### ACTIVITY
Would you return the data below exactly as it stands, with every picture left out?
Start of DATASET EXCERPTS
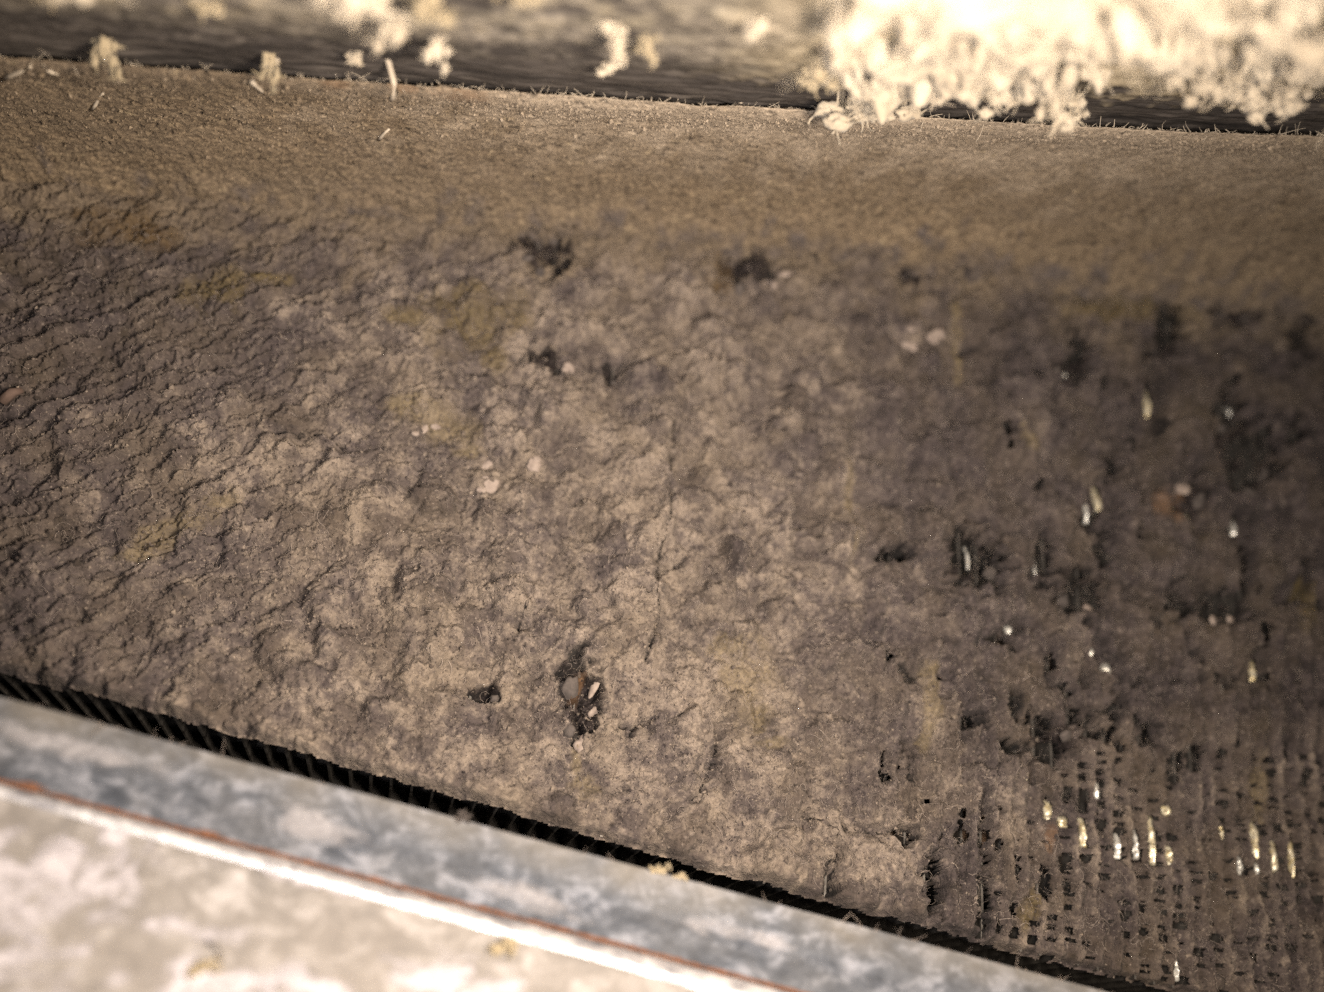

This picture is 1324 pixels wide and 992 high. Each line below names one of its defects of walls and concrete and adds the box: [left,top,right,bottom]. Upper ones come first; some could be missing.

crack [644,420,685,660]
crack [804,817,891,888]
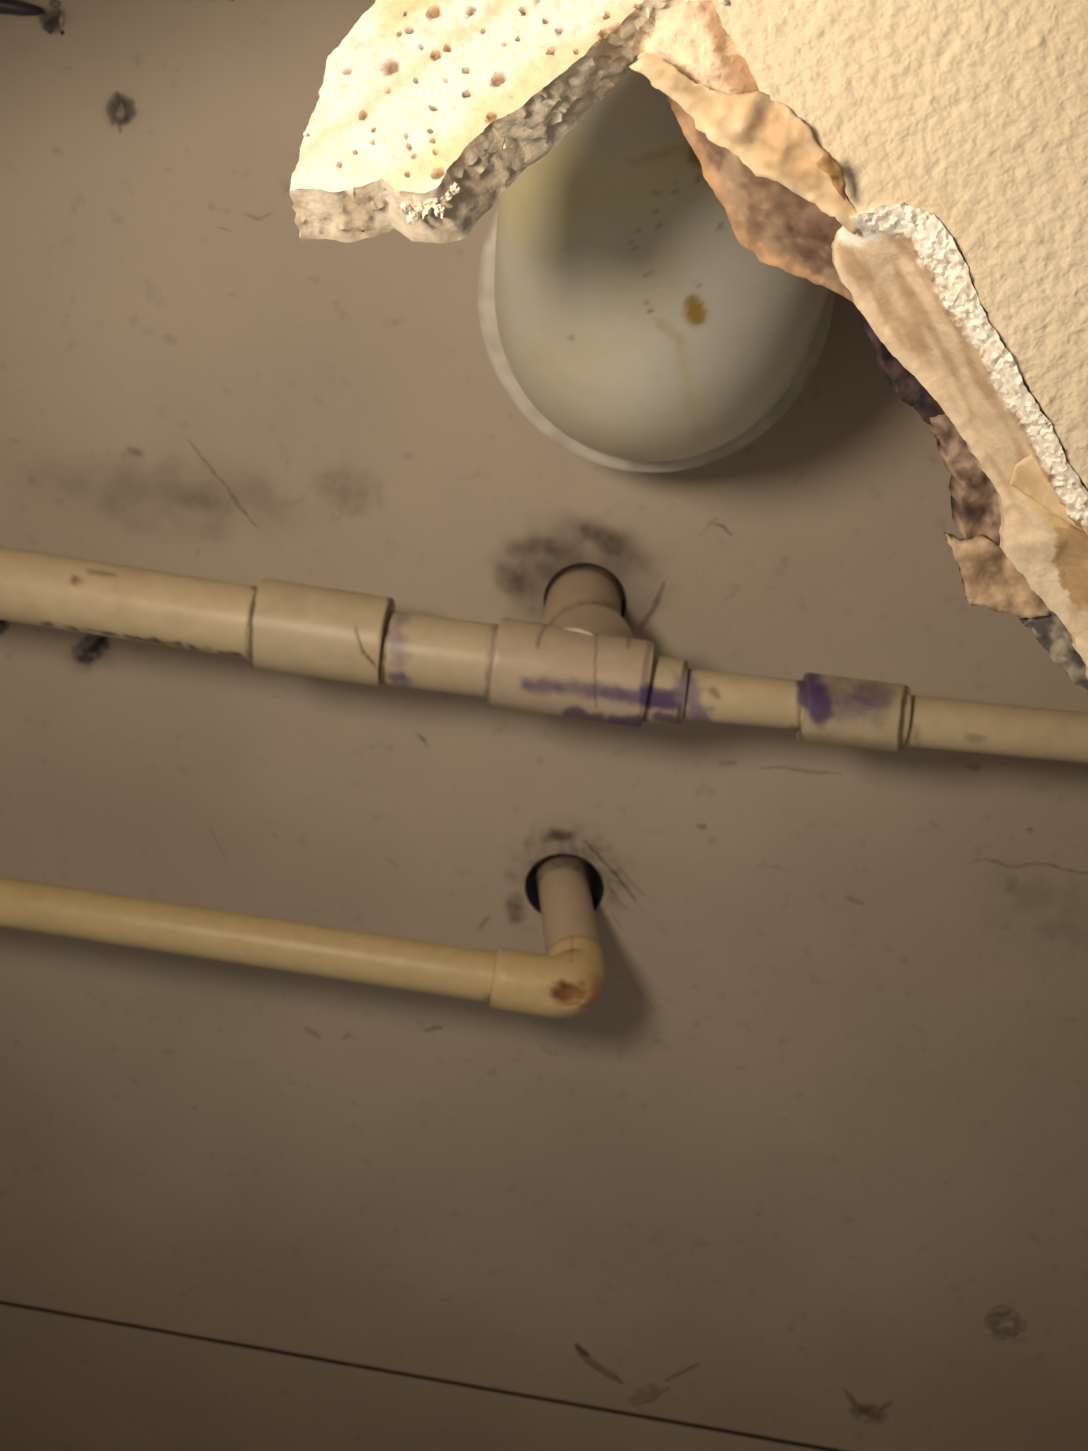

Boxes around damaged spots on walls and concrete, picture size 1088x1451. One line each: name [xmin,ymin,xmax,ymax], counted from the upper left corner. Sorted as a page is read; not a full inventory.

spalling [831,203,1088,679]
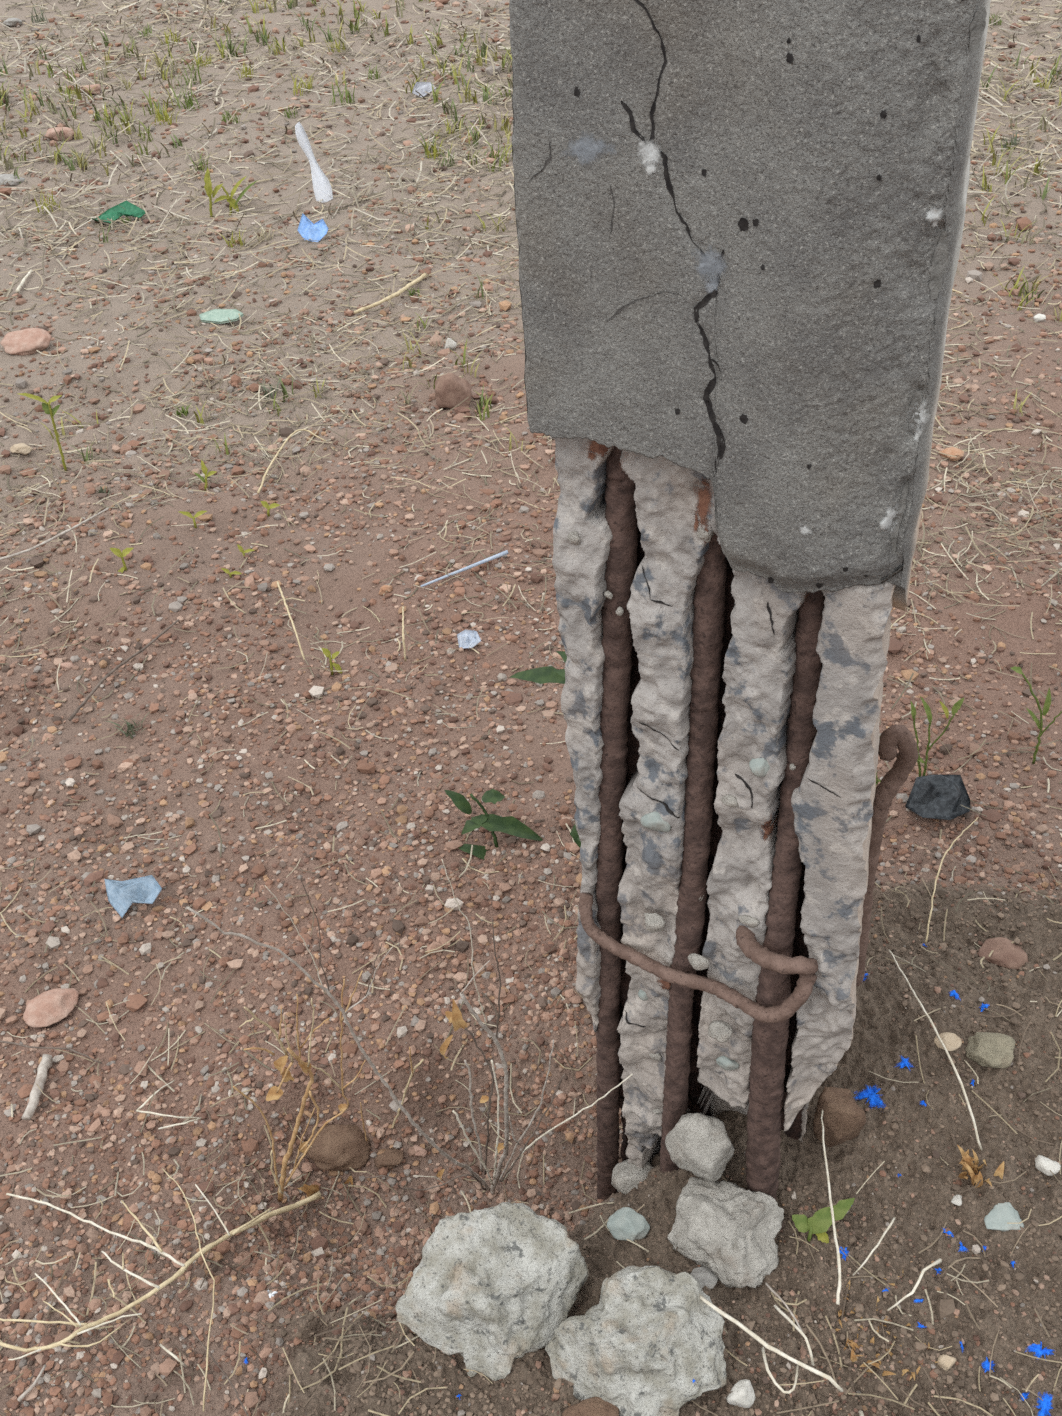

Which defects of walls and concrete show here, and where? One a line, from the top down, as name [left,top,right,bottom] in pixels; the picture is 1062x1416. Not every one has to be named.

crack [606,0,725,476]
rust [588,441,621,466]
rust [694,480,713,543]
spalling [552,437,894,1168]
rust [762,808,779,841]
End of DATASET EXCERPTS
### ANSWER BELOW
This picture is 1324 pixels wide and 992 high. Each line below names one of its defects of walls and concrete and adds the box: [left,top,right,bottom]. Upper ones come first; some could be missing.

crack [644,420,685,660]
crack [804,817,891,888]

Boxes around damaged spots on walls and concrete, picture size 1088x1451. One line each: name [xmin,ymin,xmax,ymax], counted from the upper left corner. Sorted as a page is read; not a full inventory.

spalling [831,203,1088,679]

Which defects of walls and concrete show here, and where? One a line, from the top down, as name [left,top,right,bottom] in pixels; the picture is 1062x1416. Not every one has to be named.

crack [606,0,725,476]
rust [588,441,621,466]
rust [694,480,713,543]
spalling [552,437,894,1168]
rust [762,808,779,841]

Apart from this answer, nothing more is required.